The role of photon flux density on photosynthesis has been studied in an array of plant species, resulting in light-dependent photosynthetic response curves at both the leaf and plant levels. The extent to which light quality affects photosynthesis is also potentially studied through its effects on the specific absorption spectrum of photosynthetic pigments, or the uptake of essential micronutrients to the photosynthetic electron transport chain (O’Carrigan et al., 2014).

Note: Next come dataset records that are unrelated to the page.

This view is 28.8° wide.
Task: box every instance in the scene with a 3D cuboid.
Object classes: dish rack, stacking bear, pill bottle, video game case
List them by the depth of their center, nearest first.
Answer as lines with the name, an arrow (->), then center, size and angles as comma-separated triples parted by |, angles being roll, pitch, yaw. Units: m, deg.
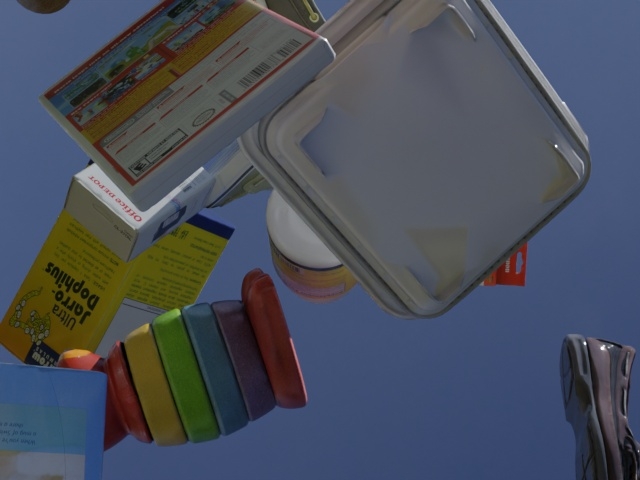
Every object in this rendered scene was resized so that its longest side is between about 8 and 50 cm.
video game case -> -0.130, -0.143, 1.104 | 0.204, 0.025, 0.285 | -40, -146, -7
dish rack -> 0.110, -0.087, 1.237 | 0.285, 0.333, 0.072 | -42, -152, 2
stacking bear -> -0.174, 0.154, 1.386 | 0.175, 0.289, 0.164 | -164, -123, -82
pill bottle -> 0.000, 0.000, 1.432 | 0.208, 0.119, 0.119 | 89, -12, -73

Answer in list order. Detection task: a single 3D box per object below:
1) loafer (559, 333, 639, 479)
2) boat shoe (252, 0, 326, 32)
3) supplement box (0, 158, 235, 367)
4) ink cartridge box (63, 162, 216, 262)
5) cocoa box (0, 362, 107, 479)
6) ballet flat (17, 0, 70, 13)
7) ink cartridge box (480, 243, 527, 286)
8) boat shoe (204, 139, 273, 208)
loafer -> 0.344, 0.234, 1.447 | 0.109, 0.095, 0.302 | 91, -1, -48
boat shoe -> -0.048, -0.291, 1.501 | 0.305, 0.091, 0.109 | 62, -13, -16
supplement box -> -0.340, 0.069, 2.065 | 0.195, 0.194, 0.356 | 31, -87, 33
ink cartridge box -> -0.255, -0.066, 1.761 | 0.127, 0.175, 0.072 | 40, -45, 11
cocoa box -> -0.378, 0.219, 1.035 | 0.228, 0.347, 0.231 | -26, -120, 57
ballet flat -> -0.320, -0.415, 1.444 | 0.124, 0.116, 0.342 | -127, -140, -55
ink cartridge box -> 0.198, 0.024, 1.540 | 0.029, 0.115, 0.063 | 14, 79, -86
boat shoe -> -0.081, -0.119, 1.842 | 0.302, 0.094, 0.109 | -36, -160, 42
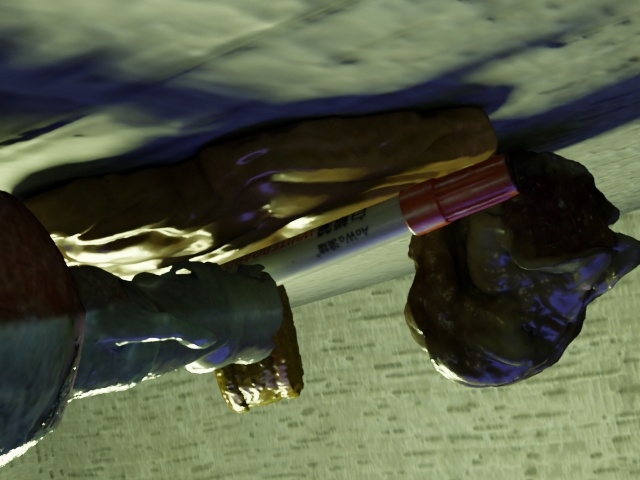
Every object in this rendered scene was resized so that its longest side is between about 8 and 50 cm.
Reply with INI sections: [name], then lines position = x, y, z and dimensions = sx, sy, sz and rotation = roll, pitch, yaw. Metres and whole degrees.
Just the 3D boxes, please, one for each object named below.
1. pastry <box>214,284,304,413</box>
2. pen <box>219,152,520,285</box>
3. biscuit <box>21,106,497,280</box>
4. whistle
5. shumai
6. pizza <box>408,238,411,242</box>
[pastry]
position = -0.086, 0.127, 1.265
dimensions = 0.103, 0.188, 0.189
rotation = -12, 175, 2
[pen]
position = 0.003, 0.003, 0.567
dimensions = 0.239, 0.028, 0.028
rotation = -21, 172, 23
[biscuit]
position = -0.023, -0.021, 0.626
dimensions = 0.376, 0.051, 0.269
rotation = -8, 170, -46
[whistle]
position = -0.131, 0.035, 0.420
dimensions = 0.142, 0.133, 0.346
rotation = -31, 164, 27
[shumai]
position = 0.188, 0.014, 0.803
dimensions = 0.185, 0.184, 0.218
rotation = -16, -178, 41
[pizza]
position = 0.202, 0.001, 1.430
dimensions = 0.134, 0.046, 0.175
rotation = -17, 174, 22
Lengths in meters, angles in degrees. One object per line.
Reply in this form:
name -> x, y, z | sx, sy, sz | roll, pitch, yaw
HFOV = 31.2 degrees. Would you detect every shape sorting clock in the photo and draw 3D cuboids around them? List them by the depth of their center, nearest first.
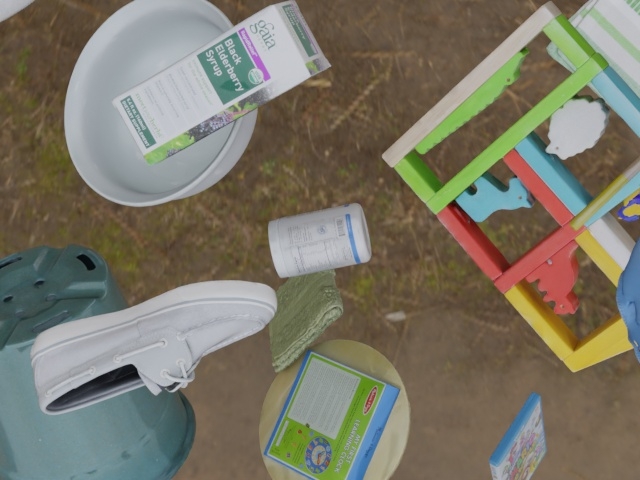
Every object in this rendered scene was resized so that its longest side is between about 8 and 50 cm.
shape sorting clock -> 0.016, 0.222, 1.389 | 0.206, 0.206, 0.040 | -38, 144, 16

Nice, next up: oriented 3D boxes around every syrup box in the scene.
syrup box -> -0.116, -0.187, 1.358 | 0.237, 0.096, 0.093 | -26, 97, 21

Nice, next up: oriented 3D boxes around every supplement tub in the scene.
supplement tub -> 0.000, 0.000, 1.306 | 0.107, 0.071, 0.071 | -11, 119, 9

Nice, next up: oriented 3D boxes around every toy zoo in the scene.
toy zoo -> 0.213, -0.022, 0.934 | 0.293, 0.030, 0.192 | 49, 121, 2

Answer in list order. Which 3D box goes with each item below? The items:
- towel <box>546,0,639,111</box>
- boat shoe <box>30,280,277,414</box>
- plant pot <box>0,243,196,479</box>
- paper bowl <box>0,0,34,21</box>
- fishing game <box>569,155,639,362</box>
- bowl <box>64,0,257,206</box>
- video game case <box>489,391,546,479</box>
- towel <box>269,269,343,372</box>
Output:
towel -> 0.503, -0.308, 1.566 | 0.248, 0.038, 0.325 | 45, 110, 12
boat shoe -> -0.116, 0.078, 0.797 | 0.184, 0.063, 0.066 | -13, 151, 5
plant pot -> -0.402, 0.209, 1.784 | 0.341, 0.341, 0.334 | -13, 125, 2
paper bowl -> -0.347, -0.272, 1.032 | 0.284, 0.284, 0.148 | -19, 121, 6
fishing game -> 0.254, 0.021, 0.619 | 0.189, 0.264, 0.041 | -48, 132, 2
bowl -> -0.195, -0.178, 1.571 | 0.298, 0.298, 0.134 | -40, 154, 16
video game case -> 0.276, 0.298, 1.591 | 0.119, 0.015, 0.166 | -51, 148, -23
towel -> -0.022, 0.085, 1.426 | 0.027, 0.110, 0.148 | 17, 133, -29
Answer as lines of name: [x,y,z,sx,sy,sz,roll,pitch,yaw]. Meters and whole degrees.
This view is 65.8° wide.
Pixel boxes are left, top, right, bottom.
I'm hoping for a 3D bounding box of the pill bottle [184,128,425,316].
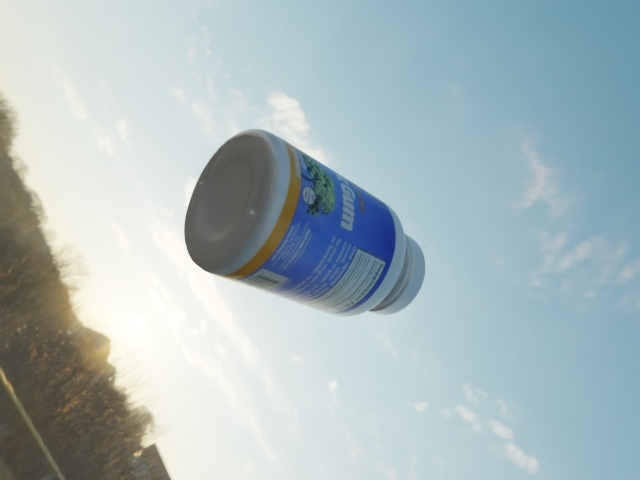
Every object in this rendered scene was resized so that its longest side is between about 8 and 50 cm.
pill bottle: [0.000,0.000,0.562,0.152,0.272,0.152,-22,-123,38]
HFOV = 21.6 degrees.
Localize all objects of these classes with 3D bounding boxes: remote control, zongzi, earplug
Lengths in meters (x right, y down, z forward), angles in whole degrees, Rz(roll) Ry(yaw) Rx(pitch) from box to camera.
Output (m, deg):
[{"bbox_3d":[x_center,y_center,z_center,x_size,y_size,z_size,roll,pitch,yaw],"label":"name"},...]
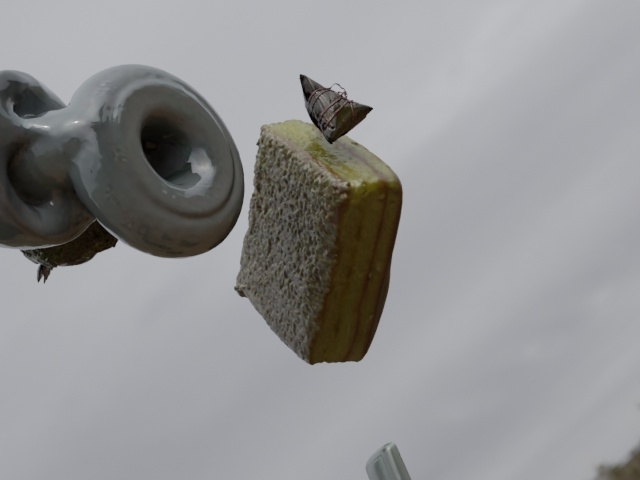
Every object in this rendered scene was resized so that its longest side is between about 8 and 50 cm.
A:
[{"bbox_3d":[0.091,0.295,1.709,0.027,0.184,0.050,-5,-31,-37],"label":"remote control"},{"bbox_3d":[0.001,-0.152,1.846,0.067,0.083,0.073,-43,-56,-19],"label":"zongzi"},{"bbox_3d":[-0.234,-0.074,1.696,0.326,0.214,0.175,2,-29,-13],"label":"earplug"}]

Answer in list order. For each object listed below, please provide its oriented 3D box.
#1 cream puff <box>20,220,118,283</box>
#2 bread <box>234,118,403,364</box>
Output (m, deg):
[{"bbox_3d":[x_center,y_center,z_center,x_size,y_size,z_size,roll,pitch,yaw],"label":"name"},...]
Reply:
[{"bbox_3d":[-0.295,-0.043,1.859,0.183,0.169,0.183,-17,10,3],"label":"cream puff"},{"bbox_3d":[0.000,0.000,1.915,0.110,0.184,0.234,-10,-56,-35],"label":"bread"}]
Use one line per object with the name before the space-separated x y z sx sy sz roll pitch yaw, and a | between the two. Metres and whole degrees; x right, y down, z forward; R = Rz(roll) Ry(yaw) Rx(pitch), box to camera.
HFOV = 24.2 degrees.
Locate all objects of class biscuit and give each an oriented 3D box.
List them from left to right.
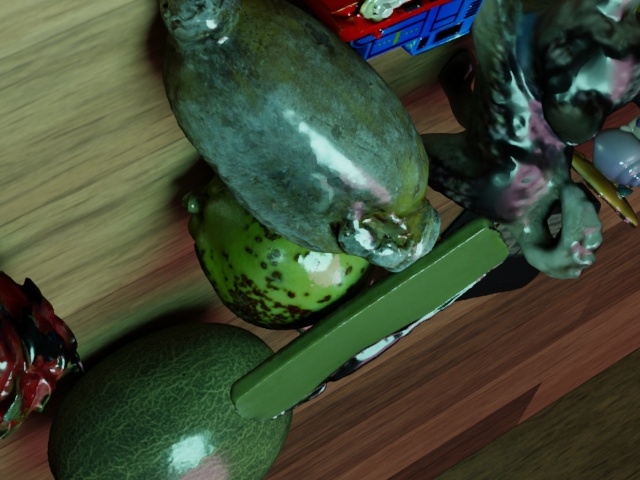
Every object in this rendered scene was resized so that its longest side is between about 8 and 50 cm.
biscuit | 0.048 0.082 1.509 0.322 0.038 0.099 -35 148 7

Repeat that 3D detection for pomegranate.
pomegranate | -0.010 0.011 1.576 0.204 0.222 0.276 -28 127 19

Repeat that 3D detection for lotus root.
lotus root | -0.029 -0.112 1.346 0.175 0.175 0.349 -40 120 5

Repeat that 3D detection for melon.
melon | -0.174 0.228 1.787 0.302 0.237 0.237 -31 158 -16

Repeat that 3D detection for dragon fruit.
dragon fruit | -0.331 0.111 1.399 0.188 0.182 0.182 -49 165 -24

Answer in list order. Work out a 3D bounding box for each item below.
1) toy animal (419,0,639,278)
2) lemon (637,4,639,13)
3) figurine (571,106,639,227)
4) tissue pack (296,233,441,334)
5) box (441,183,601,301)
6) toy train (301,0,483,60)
toy animal | 0.250 -0.148 1.600 0.194 0.302 0.344 -21 154 -44
lemon | 0.471 -0.298 1.631 0.336 0.336 0.336 -32 158 -14
figurine | 0.485 -0.165 2.146 0.257 0.181 0.208 -44 119 12
tissue pack | 0.057 0.051 1.995 0.226 0.092 0.183 -35 159 -2
box | 0.288 0.003 2.314 0.350 0.058 0.211 -5 140 -55
toy train | 0.069 -0.233 1.438 0.204 0.082 0.131 -25 158 -29
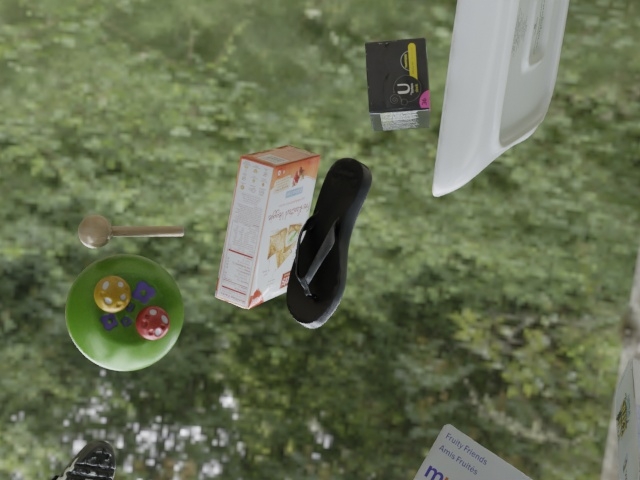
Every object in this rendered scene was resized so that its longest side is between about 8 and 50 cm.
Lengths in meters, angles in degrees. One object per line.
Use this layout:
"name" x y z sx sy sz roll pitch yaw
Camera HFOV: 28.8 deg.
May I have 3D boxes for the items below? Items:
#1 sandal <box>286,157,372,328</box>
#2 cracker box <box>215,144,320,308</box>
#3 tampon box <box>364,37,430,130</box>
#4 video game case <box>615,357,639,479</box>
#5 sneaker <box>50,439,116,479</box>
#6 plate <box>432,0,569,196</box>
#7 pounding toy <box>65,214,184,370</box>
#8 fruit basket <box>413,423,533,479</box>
"sandal" 0.000 -0.001 1.805 0.097 0.254 0.054 8 170 42
"cracker box" -0.081 -0.023 1.946 0.067 0.232 0.156 19 -161 22
"tampon box" 0.129 -0.255 2.064 0.101 0.120 0.161 -4 175 4
"video game case" 0.416 0.226 1.175 0.270 0.061 0.244 16 -157 6
"sneaker" -0.372 0.374 1.826 0.078 0.234 0.106 16 -160 -30
"plate" 0.176 -0.194 1.104 0.045 0.277 0.278 14 -160 20
"pounding toy" -0.288 0.078 1.898 0.183 0.236 0.110 5 171 -17
"fruit basket" 0.174 0.435 1.374 0.327 0.353 0.165 33 -167 30
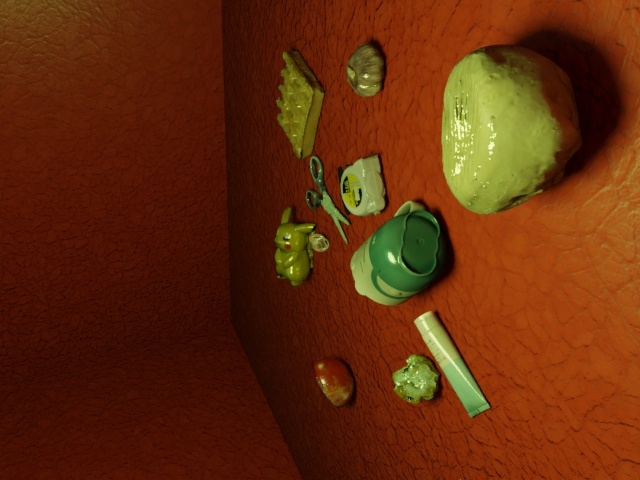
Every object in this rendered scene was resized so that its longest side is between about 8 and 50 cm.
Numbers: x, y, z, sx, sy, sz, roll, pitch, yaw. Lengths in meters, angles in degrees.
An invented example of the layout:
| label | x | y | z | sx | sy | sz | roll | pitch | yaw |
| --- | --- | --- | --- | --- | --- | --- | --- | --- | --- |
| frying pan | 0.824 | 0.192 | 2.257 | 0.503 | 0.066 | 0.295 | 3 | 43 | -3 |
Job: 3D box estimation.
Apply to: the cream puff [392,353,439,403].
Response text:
| label | x | y | z | sx | sy | sz | roll | pitch | yaw |
| --- | --- | --- | --- | --- | --- | --- | --- | --- | --- |
| cream puff | 0.302 | 0.438 | 1.723 | 0.156 | 0.121 | 0.156 | -57 | 7 | 11 |

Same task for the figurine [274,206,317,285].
| label | x | y | z | sx | sy | sz | roll | pitch | yaw |
| --- | --- | --- | --- | --- | --- | --- | --- | --- | --- |
| figurine | -0.114 | 0.037 | 2.459 | 0.218 | 0.169 | 0.326 | 19 | 122 | 47 |

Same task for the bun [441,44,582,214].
| label | x | y | z | sx | sy | sz | roll | pitch | yaw |
| --- | --- | --- | --- | --- | --- | --- | --- | --- | --- |
| bun | 0.368 | -0.225 | 1.099 | 0.362 | 0.234 | 0.326 | 109 | 152 | -78 |

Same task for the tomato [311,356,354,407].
| label | x | y | z | sx | sy | sz | roll | pitch | yaw |
| --- | --- | --- | --- | --- | --- | --- | --- | --- | --- |
| tomato | 0.070 | 0.590 | 2.320 | 0.233 | 0.139 | 0.200 | 52 | -172 | -43 |

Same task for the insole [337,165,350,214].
| label | x | y | z | sx | sy | sz | roll | pitch | yaw |
| --- | --- | --- | --- | --- | --- | --- | --- | --- | --- |
| insole | 0.088 | -0.188 | 2.065 | 0.064 | 0.004 | 0.188 | 177 | 83 | -67 |

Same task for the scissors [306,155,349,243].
| label | x | y | z | sx | sy | sz | roll | pitch | yaw |
| --- | --- | --- | --- | --- | --- | --- | --- | --- | --- |
| scissors | 0.030 | -0.141 | 2.198 | 0.256 | 0.029 | 0.383 | 100 | 148 | -44 |

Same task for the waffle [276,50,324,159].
| label | x | y | z | sx | sy | sz | roll | pitch | yaw |
| --- | --- | --- | --- | --- | --- | --- | --- | --- | --- |
| waffle | -0.089 | -0.546 | 2.223 | 0.348 | 0.077 | 0.304 | 105 | 145 | -47 |

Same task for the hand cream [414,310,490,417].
| label | x | y | z | sx | sy | sz | roll | pitch | yaw |
| --- | --- | --- | --- | --- | --- | --- | --- | --- | --- |
| hand cream | 0.381 | 0.351 | 1.577 | 0.312 | 0.070 | 0.111 | 61 | 151 | 20 |

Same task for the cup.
| label | x | y | z | sx | sy | sz | roll | pitch | yaw |
| --- | --- | --- | --- | --- | --- | --- | --- | --- | --- |
| cup | 0.236 | 0.024 | 1.579 | 0.257 | 0.219 | 0.289 | 127 | 159 | -61 |

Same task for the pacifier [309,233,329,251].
| label | x | y | z | sx | sy | sz | roll | pitch | yaw |
| --- | --- | --- | --- | --- | --- | --- | --- | --- | --- |
| pacifier | 0.000 | 0.000 | 2.312 | 0.078 | 0.081 | 0.099 | -77 | -27 | -49 |

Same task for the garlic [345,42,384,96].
| label | x | y | z | sx | sy | sz | roll | pitch | yaw |
| --- | --- | --- | --- | --- | --- | --- | --- | --- | --- |
| garlic | 0.133 | -0.516 | 1.669 | 0.147 | 0.102 | 0.159 | 45 | 141 | 51 |

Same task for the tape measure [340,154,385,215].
| label | x | y | z | sx | sy | sz | roll | pitch | yaw |
| --- | --- | --- | --- | --- | --- | --- | --- | --- | --- |
| tape measure | 0.146 | -0.178 | 1.817 | 0.178 | 0.105 | 0.196 | 3 | 105 | 60 |
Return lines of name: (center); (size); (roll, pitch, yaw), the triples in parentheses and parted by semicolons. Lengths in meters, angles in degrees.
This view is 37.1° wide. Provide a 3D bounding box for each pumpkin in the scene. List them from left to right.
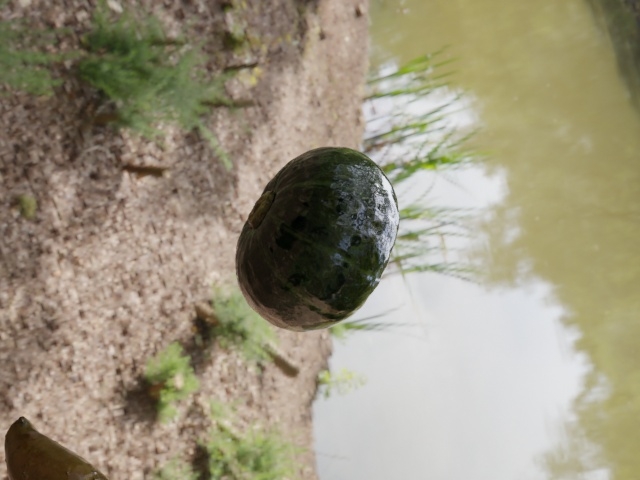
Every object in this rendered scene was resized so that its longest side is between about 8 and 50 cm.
pumpkin: (-0.003, -0.001, 0.823); (0.125, 0.167, 0.167); (33, 33, -3)

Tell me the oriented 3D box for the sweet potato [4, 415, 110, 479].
sweet potato: (-0.053, 0.117, 0.323); (0.044, 0.179, 0.044); (-34, 143, -31)
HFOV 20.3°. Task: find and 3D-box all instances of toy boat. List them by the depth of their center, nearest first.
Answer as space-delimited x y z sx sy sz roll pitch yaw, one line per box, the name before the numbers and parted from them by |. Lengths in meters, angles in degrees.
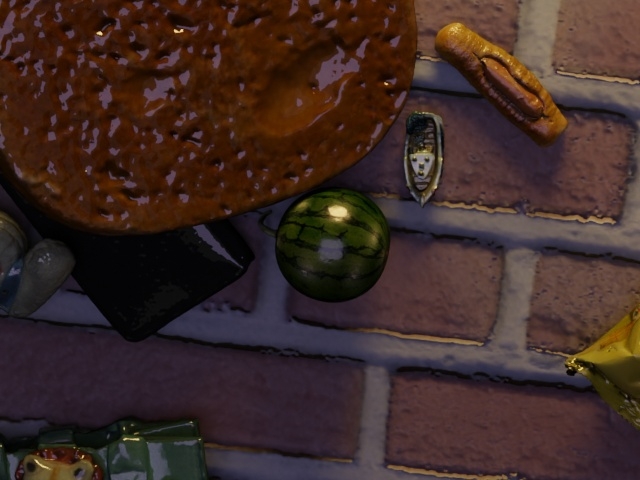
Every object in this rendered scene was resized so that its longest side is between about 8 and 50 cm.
toy boat | 0.087 -0.069 1.512 0.038 0.038 0.083 0 104 3

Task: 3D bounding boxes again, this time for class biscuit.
biscuit | -0.105 -0.168 1.448 0.367 0.063 0.314 -16 107 -9

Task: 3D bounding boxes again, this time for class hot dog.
hot dog | 0.154 -0.133 1.497 0.137 0.028 0.044 44 96 -7

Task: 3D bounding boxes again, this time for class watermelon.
watermelon | 0.005 0.003 1.503 0.109 0.109 0.109 1 105 3

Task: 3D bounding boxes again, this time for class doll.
doll | -0.314 0.012 1.536 0.214 0.071 0.103 10 126 5

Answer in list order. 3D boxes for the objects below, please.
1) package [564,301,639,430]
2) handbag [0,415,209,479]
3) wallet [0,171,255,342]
package | 0.332 0.083 1.512 0.168 0.090 0.226 40 106 -10
handbag | -0.221 0.302 1.594 0.268 0.100 0.274 -3 105 5
wallet | -0.181 -0.040 1.532 0.149 0.044 0.250 -35 101 15
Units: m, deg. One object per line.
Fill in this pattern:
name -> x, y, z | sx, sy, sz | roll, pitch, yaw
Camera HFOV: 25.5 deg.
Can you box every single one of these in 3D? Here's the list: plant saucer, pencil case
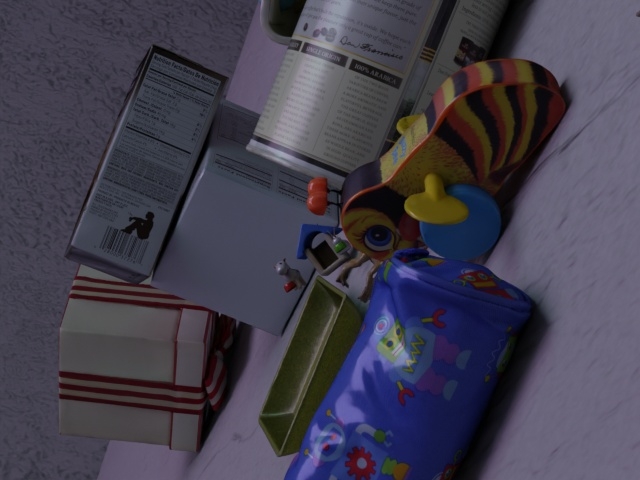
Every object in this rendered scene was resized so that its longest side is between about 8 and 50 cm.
plant saucer -> -0.005, 0.143, 1.582 | 0.188, 0.045, 0.188 | -151, 83, -80
pencil case -> 0.048, 0.151, 1.094 | 0.306, 0.133, 0.119 | -65, -22, 9

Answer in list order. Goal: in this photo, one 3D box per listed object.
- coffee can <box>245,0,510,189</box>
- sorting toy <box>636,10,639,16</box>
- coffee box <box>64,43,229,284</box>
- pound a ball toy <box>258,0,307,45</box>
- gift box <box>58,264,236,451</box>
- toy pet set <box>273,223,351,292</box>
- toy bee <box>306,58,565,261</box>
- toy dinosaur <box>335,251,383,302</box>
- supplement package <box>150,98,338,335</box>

The short-term response to light quality of photosynthetic CO2 fixation is wavelength dependent and changes rapidly. Spectrum-dependent quantum yields are the highest for red wavelengths, whereas there is a reduction in blue wavelengths due to the partial absorption by non-photosynthetic pigments (Izzo et al., 2019). However, long-term application of red light induces an imbalance between the Photosystem I and II (Park and Runkle, 2018), which would, in turn, reduce the quantum yield. Indeed, monochromatic lights are unnatural lighting conditions for plants and reduce the photosynthetic rate in comparison with white light (Abidi et al., 2013; Hamdani et al., 2019). Therefore, combined multiple wavelengths are generally proposed in plant production systems. When exposing plants to blue light in addition to natural light, the photosynthetic activity increases with increasing blue photon proportion (Hogewoning et al., 2010; Kaiser et al., 2019; Wang et al., 2016).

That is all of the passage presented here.